Your objective:
Reproduce precisely the lines of the listing below, starting with the line that contains "text soul..and that" and stopping after the line that contains "text alright,vomit atleast"; include nothing else.

Exercise input:
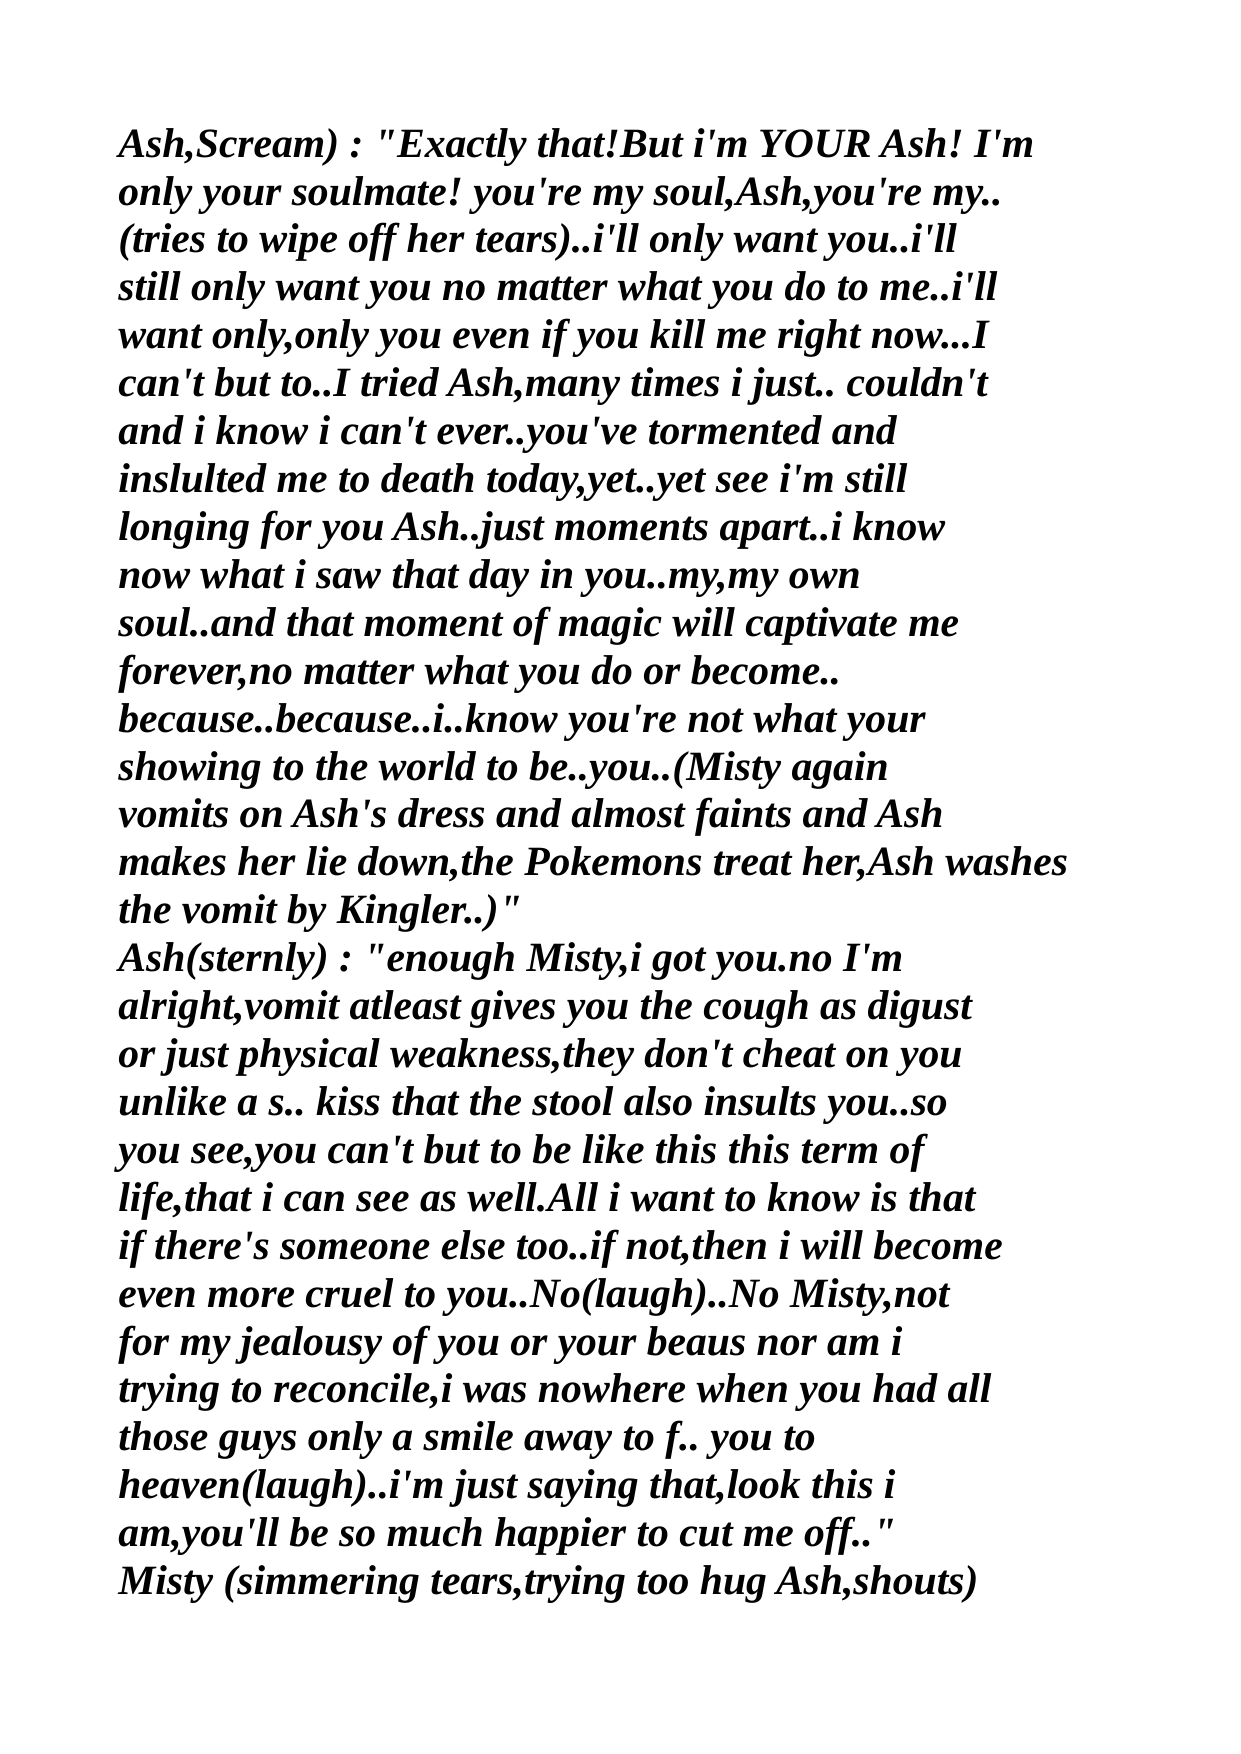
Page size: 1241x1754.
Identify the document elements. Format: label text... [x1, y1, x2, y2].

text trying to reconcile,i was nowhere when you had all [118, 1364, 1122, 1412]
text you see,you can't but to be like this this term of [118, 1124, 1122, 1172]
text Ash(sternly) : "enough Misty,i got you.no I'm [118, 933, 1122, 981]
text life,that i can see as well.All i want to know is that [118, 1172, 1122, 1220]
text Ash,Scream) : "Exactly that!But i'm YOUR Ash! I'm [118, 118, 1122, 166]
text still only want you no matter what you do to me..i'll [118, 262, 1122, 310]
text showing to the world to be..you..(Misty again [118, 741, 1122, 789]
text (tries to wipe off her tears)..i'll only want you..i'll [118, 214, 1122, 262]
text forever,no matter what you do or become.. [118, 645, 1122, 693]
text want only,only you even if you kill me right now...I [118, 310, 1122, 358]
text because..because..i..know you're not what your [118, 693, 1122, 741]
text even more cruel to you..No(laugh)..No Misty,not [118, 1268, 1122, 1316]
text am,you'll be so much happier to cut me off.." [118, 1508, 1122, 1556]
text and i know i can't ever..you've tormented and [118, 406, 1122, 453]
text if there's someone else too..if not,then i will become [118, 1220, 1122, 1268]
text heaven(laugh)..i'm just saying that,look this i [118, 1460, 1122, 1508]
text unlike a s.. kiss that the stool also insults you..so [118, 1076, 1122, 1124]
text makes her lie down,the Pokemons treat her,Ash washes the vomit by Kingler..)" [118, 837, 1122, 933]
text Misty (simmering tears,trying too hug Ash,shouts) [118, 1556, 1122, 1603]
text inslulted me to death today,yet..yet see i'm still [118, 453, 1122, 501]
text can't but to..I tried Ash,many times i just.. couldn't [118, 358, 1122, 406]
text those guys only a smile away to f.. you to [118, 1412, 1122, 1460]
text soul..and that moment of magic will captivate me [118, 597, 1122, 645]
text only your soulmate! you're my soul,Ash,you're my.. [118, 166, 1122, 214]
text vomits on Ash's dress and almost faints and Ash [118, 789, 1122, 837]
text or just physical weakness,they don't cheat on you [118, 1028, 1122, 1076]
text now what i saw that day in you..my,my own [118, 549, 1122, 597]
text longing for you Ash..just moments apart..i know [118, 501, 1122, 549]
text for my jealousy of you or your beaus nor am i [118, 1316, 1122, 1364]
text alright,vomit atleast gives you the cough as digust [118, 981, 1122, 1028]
...
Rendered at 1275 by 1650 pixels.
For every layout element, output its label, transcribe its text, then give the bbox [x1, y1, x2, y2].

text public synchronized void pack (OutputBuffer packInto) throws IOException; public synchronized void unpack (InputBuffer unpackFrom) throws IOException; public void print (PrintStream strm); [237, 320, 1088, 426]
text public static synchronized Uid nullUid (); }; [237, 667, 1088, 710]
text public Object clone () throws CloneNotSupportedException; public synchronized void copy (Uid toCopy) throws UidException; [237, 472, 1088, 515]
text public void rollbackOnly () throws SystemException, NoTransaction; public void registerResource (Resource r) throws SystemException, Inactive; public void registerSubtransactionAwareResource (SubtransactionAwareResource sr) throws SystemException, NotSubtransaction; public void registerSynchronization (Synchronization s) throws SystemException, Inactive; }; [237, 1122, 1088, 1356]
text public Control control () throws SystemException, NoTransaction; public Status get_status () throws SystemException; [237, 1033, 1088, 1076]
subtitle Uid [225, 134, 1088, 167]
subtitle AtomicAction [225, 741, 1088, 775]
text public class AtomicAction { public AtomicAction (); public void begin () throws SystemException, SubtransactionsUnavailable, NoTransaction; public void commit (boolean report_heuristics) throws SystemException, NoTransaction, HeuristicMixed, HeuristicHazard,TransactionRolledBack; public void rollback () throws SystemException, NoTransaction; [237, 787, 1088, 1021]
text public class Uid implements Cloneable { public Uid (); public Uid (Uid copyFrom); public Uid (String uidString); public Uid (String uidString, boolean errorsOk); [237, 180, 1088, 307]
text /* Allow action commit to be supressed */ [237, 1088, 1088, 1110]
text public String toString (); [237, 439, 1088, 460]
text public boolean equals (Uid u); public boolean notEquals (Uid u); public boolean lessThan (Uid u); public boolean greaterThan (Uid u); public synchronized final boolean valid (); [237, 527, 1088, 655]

Solution to the problem:
text soul..and that moment of magic will captivate me [118, 597, 1122, 645]
text only your soulmate! you're my soul,Ash,you're my.. [118, 166, 1122, 214]
text vomits on Ash's dress and almost faints and Ash [118, 789, 1122, 837]
text or just physical weakness,they don't cheat on you [118, 1028, 1122, 1076]
text now what i saw that day in you..my,my own [118, 549, 1122, 597]
text longing for you Ash..just moments apart..i know [118, 501, 1122, 549]
text for my jealousy of you or your beaus nor am i [118, 1316, 1122, 1364]
text alright,vomit atleast gives you the cough as digust [118, 981, 1122, 1028]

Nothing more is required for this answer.